+++ Dataset +++

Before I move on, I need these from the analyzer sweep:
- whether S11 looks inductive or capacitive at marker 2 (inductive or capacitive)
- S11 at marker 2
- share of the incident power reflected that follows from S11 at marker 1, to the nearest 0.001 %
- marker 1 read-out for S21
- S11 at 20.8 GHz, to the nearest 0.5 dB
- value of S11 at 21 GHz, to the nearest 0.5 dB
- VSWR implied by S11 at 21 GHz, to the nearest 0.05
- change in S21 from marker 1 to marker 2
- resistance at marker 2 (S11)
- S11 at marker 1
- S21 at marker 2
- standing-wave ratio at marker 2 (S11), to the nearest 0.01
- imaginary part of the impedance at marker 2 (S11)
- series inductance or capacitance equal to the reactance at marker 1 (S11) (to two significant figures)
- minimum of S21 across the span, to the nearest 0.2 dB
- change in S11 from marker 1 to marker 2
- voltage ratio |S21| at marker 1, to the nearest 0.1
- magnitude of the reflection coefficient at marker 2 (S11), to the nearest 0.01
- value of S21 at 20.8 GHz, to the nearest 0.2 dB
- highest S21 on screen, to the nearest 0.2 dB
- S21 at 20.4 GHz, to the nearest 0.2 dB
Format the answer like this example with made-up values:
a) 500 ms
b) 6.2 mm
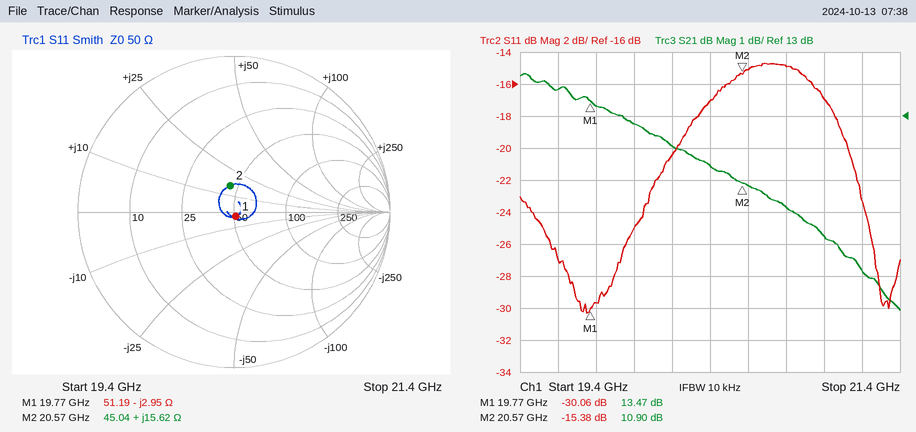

+++

◆ **Task description**
Only the lines above from the line containing "- marker 1 read-out for S21" through the line containing "- S21 at marker 2" should be retyped, exactly and with both ends included.

◆ **Answer for the task**
- marker 1 read-out for S21
- S11 at 20.8 GHz, to the nearest 0.5 dB
- value of S11 at 21 GHz, to the nearest 0.5 dB
- VSWR implied by S11 at 21 GHz, to the nearest 0.05
- change in S21 from marker 1 to marker 2
- resistance at marker 2 (S11)
- S11 at marker 1
- S21 at marker 2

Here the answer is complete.